Each line from the one containing "50.2l1.2 1.2M80.7 52.7l1.2" through the last line of the material below is to be transcribed exactly, with nothing else included.

### [INPUT DATA]
# # # #

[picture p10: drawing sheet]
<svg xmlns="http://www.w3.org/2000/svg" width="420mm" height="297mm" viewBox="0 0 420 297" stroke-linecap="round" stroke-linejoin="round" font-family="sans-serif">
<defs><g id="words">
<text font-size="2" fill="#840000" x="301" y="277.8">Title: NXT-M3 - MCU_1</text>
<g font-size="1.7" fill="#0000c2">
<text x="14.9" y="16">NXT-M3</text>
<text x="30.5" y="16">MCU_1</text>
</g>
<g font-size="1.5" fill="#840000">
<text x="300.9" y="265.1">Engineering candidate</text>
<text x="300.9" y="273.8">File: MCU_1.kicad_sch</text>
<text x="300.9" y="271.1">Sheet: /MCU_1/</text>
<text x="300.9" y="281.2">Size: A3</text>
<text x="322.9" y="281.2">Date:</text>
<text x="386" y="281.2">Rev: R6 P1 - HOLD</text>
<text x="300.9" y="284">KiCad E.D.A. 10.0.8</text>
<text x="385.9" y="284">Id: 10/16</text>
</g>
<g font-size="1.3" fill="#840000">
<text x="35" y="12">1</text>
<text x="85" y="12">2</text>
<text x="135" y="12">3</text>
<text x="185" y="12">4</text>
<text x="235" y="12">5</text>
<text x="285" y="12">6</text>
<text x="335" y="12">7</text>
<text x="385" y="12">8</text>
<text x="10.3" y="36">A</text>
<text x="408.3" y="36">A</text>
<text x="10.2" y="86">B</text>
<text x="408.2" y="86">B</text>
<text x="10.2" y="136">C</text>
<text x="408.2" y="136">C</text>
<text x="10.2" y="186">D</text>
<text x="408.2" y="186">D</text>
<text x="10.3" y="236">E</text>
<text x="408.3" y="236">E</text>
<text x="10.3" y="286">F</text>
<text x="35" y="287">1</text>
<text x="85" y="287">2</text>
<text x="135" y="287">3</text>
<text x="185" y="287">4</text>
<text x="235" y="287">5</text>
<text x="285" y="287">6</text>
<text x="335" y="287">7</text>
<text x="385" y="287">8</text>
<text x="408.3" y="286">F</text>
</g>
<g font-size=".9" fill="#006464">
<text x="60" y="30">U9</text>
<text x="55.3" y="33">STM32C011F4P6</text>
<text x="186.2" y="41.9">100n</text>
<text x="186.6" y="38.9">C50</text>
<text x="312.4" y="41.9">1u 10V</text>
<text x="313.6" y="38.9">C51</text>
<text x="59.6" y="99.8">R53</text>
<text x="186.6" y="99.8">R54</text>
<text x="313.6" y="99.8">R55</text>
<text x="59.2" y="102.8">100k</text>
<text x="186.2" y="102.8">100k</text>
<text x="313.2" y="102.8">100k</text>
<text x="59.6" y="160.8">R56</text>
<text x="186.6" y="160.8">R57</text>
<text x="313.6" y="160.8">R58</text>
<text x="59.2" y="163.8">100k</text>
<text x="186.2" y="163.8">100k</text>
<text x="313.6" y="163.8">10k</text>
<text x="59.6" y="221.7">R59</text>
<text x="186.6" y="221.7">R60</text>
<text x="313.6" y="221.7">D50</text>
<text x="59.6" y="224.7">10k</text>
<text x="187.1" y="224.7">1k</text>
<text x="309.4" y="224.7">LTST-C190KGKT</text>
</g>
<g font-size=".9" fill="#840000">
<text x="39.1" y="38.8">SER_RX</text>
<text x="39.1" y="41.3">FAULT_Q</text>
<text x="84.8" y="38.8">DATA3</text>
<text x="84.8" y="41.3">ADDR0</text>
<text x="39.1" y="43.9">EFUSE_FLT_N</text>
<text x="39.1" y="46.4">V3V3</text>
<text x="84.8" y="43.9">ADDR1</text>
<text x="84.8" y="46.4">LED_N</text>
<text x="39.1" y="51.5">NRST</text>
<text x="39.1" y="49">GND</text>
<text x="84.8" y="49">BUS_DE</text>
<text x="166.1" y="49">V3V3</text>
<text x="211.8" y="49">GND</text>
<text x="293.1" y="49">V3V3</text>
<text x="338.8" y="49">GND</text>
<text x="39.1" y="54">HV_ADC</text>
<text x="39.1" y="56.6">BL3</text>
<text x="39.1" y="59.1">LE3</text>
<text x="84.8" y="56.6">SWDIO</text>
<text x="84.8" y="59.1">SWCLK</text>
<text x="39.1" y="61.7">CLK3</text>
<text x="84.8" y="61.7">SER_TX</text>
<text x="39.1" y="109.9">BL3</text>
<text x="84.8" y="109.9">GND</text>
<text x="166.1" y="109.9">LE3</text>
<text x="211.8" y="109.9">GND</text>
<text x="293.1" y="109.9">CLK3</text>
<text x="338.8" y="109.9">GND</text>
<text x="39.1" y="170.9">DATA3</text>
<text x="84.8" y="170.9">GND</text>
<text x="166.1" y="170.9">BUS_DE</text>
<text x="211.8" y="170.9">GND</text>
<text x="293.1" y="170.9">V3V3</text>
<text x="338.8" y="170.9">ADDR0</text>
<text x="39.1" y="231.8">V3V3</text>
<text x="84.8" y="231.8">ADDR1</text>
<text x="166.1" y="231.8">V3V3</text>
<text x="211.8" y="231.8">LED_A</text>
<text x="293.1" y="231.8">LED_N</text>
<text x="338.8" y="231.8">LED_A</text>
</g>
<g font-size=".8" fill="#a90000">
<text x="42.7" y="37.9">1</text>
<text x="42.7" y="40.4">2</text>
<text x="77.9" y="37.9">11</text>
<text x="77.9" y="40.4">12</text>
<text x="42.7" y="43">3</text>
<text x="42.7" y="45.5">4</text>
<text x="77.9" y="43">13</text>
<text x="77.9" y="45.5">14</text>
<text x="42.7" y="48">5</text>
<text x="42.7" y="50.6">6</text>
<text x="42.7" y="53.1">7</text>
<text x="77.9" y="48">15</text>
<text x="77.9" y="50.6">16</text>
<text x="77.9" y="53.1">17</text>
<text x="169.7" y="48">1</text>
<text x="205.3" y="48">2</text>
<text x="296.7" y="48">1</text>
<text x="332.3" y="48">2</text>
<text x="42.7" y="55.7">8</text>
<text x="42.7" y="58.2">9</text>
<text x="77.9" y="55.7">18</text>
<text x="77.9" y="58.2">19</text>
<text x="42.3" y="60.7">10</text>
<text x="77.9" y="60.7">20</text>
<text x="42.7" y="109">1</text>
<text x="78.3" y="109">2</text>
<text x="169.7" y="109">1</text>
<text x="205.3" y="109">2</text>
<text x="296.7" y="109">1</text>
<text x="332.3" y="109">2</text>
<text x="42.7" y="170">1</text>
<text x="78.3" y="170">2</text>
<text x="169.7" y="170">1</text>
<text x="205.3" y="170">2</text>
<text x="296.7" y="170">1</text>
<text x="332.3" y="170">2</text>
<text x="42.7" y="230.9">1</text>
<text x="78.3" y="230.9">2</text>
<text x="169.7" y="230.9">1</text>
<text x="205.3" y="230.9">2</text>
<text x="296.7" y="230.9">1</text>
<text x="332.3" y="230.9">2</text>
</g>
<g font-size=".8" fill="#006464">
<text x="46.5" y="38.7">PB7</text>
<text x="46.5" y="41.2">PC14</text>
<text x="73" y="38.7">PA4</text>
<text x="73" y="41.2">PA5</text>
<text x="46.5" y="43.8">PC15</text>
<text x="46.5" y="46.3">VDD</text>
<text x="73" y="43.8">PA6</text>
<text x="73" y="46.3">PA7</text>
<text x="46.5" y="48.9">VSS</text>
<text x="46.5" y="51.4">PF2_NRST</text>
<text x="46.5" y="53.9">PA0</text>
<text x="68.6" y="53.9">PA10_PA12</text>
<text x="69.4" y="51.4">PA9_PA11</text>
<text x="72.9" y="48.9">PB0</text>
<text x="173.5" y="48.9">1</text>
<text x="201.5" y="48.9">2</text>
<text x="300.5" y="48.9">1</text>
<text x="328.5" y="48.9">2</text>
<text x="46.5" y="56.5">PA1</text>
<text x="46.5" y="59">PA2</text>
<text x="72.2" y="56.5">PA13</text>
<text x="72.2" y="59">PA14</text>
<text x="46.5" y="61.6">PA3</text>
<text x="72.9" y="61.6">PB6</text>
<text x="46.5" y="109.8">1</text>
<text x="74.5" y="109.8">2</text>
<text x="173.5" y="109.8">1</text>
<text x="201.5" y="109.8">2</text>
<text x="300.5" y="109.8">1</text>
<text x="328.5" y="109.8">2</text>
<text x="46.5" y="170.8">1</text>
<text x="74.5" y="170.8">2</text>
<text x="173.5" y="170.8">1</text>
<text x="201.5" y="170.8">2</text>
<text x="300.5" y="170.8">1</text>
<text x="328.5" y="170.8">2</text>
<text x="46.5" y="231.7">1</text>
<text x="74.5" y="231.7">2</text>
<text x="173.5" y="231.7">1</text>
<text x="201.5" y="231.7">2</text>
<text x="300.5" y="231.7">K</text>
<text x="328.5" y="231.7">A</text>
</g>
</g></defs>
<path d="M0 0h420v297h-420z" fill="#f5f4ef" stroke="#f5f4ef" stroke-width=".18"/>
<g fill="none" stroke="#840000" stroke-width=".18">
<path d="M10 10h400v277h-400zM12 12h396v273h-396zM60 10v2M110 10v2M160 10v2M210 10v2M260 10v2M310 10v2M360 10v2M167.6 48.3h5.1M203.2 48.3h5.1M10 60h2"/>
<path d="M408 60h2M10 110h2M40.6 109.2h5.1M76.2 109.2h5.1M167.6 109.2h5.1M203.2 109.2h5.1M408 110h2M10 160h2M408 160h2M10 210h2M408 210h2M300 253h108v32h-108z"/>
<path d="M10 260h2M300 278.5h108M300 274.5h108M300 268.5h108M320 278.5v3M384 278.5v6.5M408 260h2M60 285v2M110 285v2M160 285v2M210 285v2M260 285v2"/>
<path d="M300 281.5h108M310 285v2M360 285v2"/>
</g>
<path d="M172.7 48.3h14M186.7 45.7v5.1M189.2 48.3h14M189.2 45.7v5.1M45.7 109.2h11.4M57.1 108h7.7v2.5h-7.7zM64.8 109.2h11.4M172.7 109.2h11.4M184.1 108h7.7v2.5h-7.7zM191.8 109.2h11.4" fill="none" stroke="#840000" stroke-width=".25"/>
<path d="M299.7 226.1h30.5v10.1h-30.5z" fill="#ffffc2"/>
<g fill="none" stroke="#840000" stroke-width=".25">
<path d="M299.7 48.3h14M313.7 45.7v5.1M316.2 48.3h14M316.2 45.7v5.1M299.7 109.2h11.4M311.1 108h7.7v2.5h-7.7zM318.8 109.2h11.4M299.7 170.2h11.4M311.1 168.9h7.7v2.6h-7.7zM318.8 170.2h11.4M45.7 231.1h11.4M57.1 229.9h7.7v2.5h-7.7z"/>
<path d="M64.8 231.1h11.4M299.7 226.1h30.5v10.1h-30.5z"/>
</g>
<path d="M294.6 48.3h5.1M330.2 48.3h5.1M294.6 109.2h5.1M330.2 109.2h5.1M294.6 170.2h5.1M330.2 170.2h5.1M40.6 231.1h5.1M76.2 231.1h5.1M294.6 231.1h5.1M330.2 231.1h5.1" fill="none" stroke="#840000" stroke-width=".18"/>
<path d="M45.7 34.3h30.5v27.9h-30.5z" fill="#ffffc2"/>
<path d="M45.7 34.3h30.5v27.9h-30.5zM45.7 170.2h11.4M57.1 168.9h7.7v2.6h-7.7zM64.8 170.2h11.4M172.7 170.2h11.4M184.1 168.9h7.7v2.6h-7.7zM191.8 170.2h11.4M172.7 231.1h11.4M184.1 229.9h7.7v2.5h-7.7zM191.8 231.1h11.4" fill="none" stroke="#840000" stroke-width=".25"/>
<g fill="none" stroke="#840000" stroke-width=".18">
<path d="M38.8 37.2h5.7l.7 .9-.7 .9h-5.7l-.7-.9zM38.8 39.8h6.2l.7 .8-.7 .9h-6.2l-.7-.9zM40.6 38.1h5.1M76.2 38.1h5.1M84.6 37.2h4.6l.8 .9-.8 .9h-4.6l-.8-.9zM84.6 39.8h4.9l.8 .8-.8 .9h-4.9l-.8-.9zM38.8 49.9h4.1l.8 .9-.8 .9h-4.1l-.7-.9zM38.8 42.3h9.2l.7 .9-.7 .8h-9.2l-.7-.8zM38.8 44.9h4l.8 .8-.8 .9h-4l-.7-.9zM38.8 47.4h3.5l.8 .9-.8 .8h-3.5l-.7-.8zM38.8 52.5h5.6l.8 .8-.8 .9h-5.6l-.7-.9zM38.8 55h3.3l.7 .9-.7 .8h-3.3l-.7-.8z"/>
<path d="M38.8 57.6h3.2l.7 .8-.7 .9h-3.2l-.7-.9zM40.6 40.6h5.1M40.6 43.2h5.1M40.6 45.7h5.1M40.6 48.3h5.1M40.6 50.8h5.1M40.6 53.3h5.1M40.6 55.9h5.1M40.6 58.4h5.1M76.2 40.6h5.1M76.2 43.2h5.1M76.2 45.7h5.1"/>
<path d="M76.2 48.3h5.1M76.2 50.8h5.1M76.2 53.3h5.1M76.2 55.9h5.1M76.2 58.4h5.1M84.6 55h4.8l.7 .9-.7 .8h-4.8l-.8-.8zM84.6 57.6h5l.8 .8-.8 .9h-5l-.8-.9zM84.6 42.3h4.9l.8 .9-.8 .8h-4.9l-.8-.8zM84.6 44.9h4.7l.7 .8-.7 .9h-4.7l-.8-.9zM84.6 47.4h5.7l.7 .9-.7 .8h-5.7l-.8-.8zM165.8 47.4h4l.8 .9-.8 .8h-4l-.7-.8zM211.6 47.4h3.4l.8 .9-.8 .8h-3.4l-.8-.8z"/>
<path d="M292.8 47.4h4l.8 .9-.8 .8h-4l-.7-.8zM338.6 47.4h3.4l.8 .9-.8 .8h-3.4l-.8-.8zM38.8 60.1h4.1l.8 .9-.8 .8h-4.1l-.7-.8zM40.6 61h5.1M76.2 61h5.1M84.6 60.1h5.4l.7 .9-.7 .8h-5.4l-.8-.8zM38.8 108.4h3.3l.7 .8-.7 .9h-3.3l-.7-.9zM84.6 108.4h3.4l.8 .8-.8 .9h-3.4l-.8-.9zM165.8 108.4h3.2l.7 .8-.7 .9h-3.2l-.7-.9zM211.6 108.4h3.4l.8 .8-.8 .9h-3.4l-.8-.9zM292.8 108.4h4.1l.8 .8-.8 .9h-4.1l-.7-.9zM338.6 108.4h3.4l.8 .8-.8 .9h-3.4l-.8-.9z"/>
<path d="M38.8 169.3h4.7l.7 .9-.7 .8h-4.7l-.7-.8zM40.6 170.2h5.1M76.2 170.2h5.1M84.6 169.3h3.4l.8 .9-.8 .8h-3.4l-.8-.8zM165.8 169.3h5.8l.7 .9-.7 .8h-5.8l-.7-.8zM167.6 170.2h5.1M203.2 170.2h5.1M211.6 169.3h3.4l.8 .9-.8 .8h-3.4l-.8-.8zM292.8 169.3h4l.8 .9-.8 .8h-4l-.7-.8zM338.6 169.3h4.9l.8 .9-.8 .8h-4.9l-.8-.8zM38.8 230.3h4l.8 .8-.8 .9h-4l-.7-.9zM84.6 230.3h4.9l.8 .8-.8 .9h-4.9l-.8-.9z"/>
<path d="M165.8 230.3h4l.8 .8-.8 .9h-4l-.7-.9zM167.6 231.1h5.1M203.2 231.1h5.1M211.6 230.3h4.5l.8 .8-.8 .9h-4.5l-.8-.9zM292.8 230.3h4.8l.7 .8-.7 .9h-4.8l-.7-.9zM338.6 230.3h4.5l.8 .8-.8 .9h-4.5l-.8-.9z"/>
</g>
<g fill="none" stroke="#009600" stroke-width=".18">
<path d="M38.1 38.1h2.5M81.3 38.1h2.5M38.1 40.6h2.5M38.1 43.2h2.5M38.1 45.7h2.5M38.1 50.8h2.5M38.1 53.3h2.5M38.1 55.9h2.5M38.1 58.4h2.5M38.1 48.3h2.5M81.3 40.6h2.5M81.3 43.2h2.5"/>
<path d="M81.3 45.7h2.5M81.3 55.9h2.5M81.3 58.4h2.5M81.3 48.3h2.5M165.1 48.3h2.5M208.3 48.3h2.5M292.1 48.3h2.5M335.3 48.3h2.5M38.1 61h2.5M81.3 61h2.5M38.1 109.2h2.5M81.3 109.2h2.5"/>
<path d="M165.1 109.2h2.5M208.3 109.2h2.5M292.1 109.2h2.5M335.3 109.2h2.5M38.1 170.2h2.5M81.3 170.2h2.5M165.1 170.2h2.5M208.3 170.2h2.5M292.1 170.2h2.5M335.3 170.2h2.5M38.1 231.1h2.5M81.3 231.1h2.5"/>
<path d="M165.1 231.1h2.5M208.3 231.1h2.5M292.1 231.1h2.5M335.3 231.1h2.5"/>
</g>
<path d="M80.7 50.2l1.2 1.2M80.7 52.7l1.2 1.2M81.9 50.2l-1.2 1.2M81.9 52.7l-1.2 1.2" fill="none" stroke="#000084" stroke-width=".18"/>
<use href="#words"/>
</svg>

# # # #

### [ANSWER TO THE EXERCISE]
<path d="M80.7 50.2l1.2 1.2M80.7 52.7l1.2 1.2M81.9 50.2l-1.2 1.2M81.9 52.7l-1.2 1.2" fill="none" stroke="#000084" stroke-width=".18"/>
<use href="#words"/>
</svg>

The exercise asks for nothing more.